Jumlah anggaran tersebut mencakup seluruh P3K yang terbagi dalam dua kategori, yaitu P3K penuh waktu dan P3K paruh waktu.
Khusus untuk P3K paruh waktu, mekanisme pemberian tunjangan mengacu pada rumusan yang telah diatur secara jelas dalam petunjuk teknis dan regulasi yang berlaku di daerah.
Wowiling berharap pemberian THR dan Gaji ke-13 dapat memberikan manfaat nyata bagi seluruh penerima, terutama bagi mereka yang akan merayakan Hari Raya Idul Fitri.

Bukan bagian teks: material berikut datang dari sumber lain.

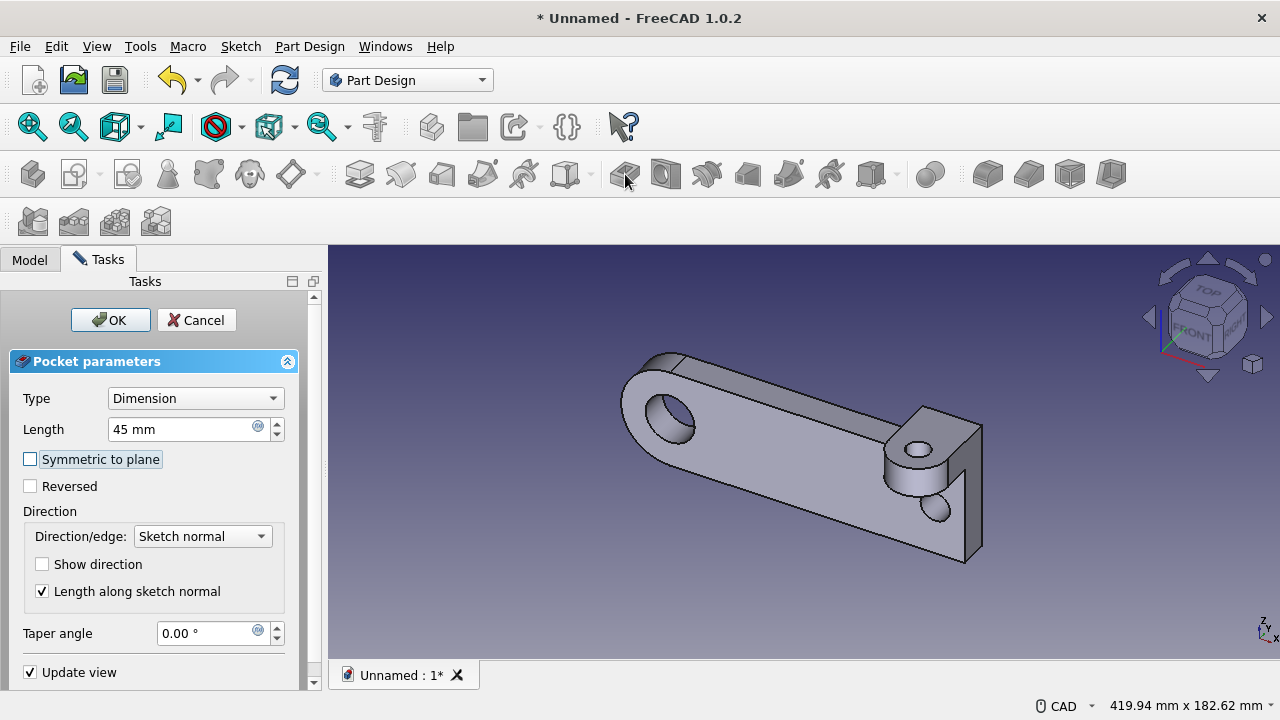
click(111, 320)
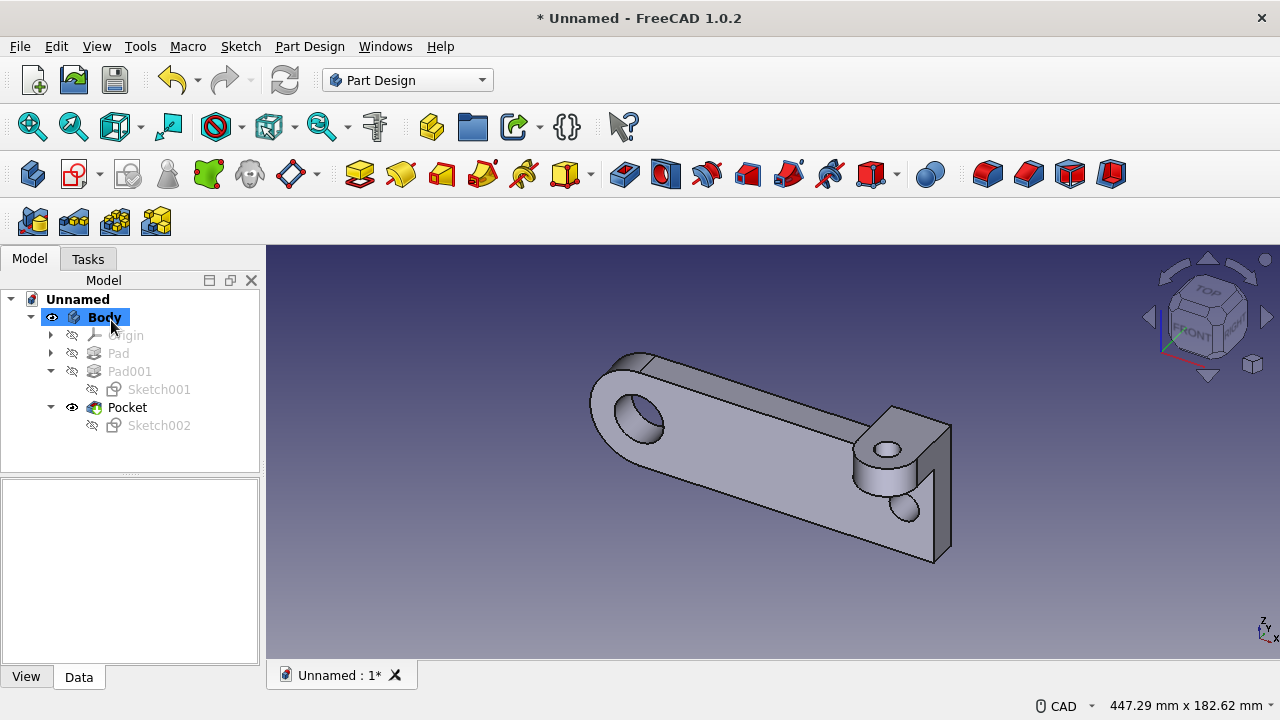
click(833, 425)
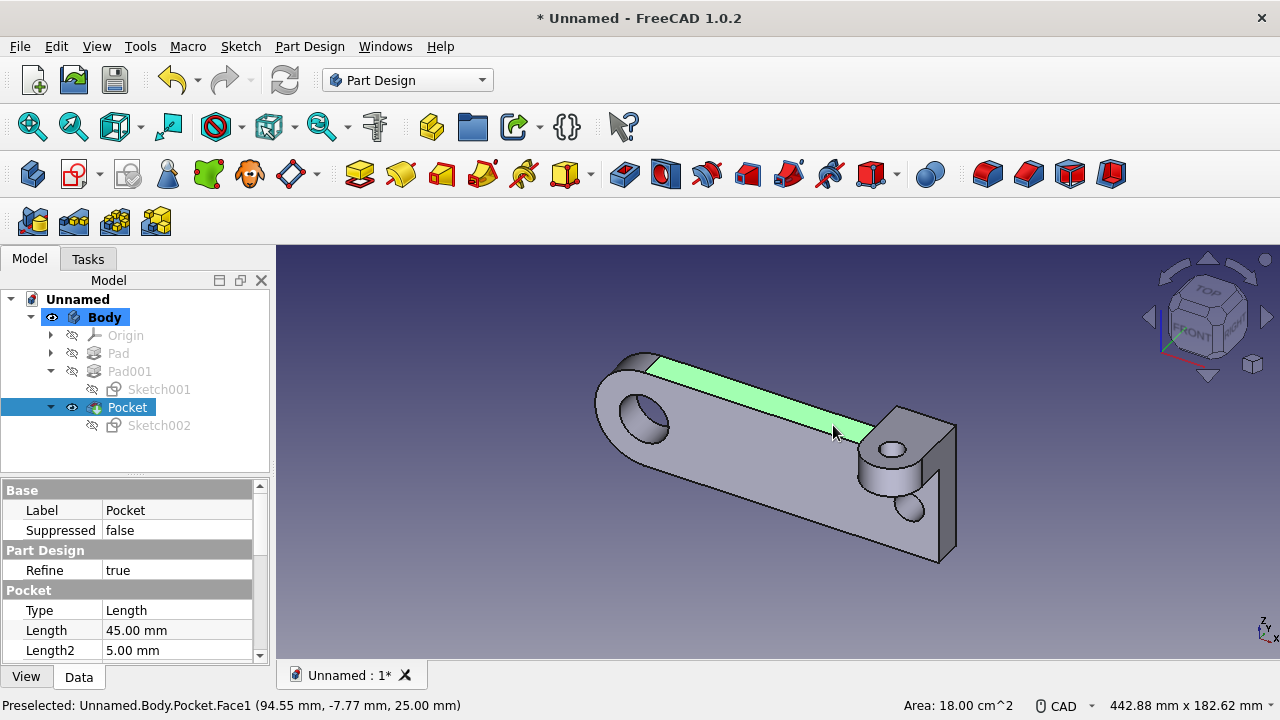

“Selain membantu memenuhi kebutuhan menjelang Lebaran, penyaluran THR dan Gaji 13 ini juga diharapkan memberikan dampak positif terhadap perputaran ekonomi di Kabupaten Minut,” tambahnya.
Ia menambahkan, realisasi pembayaran ini juga menjadi bagian dari sinergi antara pemerintah daerah dengan pemerintah provinsi serta kabupaten/kota lainnya dalam merealisasikan kebijakan nasional terkait pembayaran THR bagi ASN.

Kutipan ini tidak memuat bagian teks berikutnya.